百琦自行車與珠海橫琴凱悅酒店聯合舉辦騎行澳門活動​

香港, 2025年4月23日 - (亞太商訊 via SeaPRwire.com) - 4月22日地球日當天,一場別具意義的騎行之旅跨越粵澳!百琦自行車攜手珠海橫琴凱悅酒店,共同舉辦騎行澳門活動,以車輪丈量土地,用綠色出行的方式,為地球母親慶生。在快節奏的都市生活中,人們總是被繁忙的工作與各項事務纏身,逐漸遠離了自然與運動。而此次騎行澳門活動,正是為了打破這種桎梏,將綠色環保的價值主張與騎行的生活方式傳遞給每一個人。從珠海出發,到達橫琴口岸,絲滑通關後,精心規劃的路線串聯起沿途如畫的自然風光與獨特的城市景致。既能在騎行中飽覽海天相接的壯闊,又能穿梭於澳門街巷,感受歷史與現代交融的獨特魅力。這不僅是一場騎行,更是一次與地球的深度對話,一場對綠色生活的躬身實踐。百琦自行車(高飛控股旗下品牌)騎行澳門活動百琦自行車展示據悉,百琦自行車(Batch Bycyles)是高飛控股集團(Covation)旗下全球品牌。高飛控股集團(Covation)是一家總部在香港的全球控股公司。高飛控股集團(Covation)始終推動以消費者為中心的創新願景,旗下擁有豐富多樣的戶外品牌,包括Huffy、Niner Bikes、Batch Bicycles、Royce Union、VAAST 和 Buzz E-Bikes,憑藉廣泛的全球分銷網路,為全球50多個國家和地區的消費者提供騎行產品,每年自行車運送量超500萬輛。不僅如此,高飛控股集團還與迪士尼、漫威、盧卡斯影業、國家地理、福特、尼克國際兒童頻道、孩之寶和巴拿馬傑克等世界級合作夥伴緊密合作,擁有龐大且多元的許可組合,其產品通過沃爾瑪、亞馬遜、塔吉特、太古、Big W、Academy、Argos、Smyths 等全球領先零售商,走進千家萬戶。

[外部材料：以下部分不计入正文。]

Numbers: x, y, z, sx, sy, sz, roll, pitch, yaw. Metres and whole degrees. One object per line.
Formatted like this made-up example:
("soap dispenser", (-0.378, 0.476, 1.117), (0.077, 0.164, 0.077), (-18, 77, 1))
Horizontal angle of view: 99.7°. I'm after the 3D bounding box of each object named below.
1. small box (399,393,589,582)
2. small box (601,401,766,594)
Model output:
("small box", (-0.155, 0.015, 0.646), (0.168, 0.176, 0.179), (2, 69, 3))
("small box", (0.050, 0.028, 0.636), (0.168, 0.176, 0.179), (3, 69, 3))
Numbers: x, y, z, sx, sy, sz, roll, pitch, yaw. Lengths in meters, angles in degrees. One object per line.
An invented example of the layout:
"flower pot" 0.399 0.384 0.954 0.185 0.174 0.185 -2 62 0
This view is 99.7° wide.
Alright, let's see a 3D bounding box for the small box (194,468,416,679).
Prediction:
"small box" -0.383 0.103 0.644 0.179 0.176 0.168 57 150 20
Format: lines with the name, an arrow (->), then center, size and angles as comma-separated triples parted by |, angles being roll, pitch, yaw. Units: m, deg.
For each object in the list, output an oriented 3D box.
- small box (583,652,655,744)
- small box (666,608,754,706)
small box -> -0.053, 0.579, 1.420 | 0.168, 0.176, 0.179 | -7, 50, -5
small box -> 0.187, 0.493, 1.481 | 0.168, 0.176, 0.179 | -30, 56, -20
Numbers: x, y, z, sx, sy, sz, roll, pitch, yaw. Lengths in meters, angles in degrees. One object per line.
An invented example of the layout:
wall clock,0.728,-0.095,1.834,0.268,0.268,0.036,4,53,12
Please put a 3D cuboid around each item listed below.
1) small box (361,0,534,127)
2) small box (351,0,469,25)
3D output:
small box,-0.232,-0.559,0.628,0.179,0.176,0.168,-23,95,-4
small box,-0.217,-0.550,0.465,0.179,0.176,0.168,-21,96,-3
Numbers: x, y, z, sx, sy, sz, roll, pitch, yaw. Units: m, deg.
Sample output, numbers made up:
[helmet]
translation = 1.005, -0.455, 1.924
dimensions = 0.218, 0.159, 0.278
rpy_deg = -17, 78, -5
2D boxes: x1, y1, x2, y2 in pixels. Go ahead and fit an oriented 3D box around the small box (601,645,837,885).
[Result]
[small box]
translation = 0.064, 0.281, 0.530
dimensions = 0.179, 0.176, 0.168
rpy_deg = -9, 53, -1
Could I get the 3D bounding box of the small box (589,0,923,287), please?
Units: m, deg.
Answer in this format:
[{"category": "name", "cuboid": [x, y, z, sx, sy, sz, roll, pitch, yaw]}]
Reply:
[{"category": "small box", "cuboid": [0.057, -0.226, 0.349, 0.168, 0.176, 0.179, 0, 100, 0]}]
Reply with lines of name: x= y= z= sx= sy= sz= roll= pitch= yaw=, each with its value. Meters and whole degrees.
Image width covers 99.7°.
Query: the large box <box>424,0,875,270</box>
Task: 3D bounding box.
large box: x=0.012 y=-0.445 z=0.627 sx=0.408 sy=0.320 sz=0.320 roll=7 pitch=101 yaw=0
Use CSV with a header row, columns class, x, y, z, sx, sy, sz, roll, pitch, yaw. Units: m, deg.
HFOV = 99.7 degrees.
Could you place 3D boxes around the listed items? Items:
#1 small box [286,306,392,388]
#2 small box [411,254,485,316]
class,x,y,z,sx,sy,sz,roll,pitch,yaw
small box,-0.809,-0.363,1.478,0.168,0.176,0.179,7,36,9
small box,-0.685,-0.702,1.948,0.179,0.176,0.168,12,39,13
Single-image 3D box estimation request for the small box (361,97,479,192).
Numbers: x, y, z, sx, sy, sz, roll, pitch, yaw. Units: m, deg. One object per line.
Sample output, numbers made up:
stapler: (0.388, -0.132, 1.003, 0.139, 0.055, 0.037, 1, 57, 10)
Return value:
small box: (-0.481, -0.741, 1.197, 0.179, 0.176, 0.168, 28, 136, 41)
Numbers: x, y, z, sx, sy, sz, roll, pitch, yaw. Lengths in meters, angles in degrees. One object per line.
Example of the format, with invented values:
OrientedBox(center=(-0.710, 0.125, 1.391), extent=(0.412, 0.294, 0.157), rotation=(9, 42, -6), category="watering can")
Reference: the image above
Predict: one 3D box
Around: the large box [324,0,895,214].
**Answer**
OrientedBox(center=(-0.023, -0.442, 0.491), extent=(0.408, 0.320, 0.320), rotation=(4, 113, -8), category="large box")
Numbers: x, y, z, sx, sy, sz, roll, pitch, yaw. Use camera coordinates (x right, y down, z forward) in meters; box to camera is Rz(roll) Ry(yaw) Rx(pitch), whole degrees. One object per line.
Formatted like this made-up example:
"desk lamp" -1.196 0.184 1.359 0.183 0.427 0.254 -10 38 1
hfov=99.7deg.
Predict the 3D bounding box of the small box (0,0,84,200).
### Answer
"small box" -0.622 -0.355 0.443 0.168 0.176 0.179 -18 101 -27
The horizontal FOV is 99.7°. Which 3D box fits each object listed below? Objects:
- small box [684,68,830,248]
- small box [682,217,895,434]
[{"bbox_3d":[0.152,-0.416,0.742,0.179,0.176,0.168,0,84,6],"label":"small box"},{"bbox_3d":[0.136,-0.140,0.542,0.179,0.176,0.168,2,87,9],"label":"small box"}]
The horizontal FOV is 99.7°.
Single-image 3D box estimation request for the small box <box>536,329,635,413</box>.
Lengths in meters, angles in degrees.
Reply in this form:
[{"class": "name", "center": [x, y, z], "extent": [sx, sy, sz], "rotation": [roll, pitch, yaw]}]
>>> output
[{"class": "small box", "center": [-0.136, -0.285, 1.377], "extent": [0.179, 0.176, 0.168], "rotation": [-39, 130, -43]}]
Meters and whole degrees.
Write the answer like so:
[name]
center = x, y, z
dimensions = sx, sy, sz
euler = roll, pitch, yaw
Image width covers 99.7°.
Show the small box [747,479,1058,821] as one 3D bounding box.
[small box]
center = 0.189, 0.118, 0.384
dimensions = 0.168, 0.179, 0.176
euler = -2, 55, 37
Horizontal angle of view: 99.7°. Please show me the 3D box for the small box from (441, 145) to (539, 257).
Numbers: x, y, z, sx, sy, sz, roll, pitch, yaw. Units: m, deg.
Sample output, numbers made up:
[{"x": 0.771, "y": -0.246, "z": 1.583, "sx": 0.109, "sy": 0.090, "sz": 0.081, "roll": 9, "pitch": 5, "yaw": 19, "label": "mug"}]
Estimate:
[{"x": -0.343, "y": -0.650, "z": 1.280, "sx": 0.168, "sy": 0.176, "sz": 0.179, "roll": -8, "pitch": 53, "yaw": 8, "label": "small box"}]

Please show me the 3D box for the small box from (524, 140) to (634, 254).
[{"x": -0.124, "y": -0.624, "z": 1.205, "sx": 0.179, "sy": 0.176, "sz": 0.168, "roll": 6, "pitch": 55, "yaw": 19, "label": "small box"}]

百琦自行車始終以"讓騎行變得更簡單"為初心。產品線豐富多元,不管是征服山野的山地車,還是在城市中暢行的公路車,亦或是礫石自行車,還有專為青少年打造的騎行裝備,憑藉創新設計與優質配置,為全球騎行愛好者帶來舒適暢快的騎行體驗。此次騎行澳門活動,正是百琦自行車踐行品牌理念的生動體現,鼓勵人們走出鋼筋水泥的圍城,在騎行中探索世界,擁抱自然,讓騎行變得更簡單。 Copyright 2025 亞太商訊 via SeaPRwire.com.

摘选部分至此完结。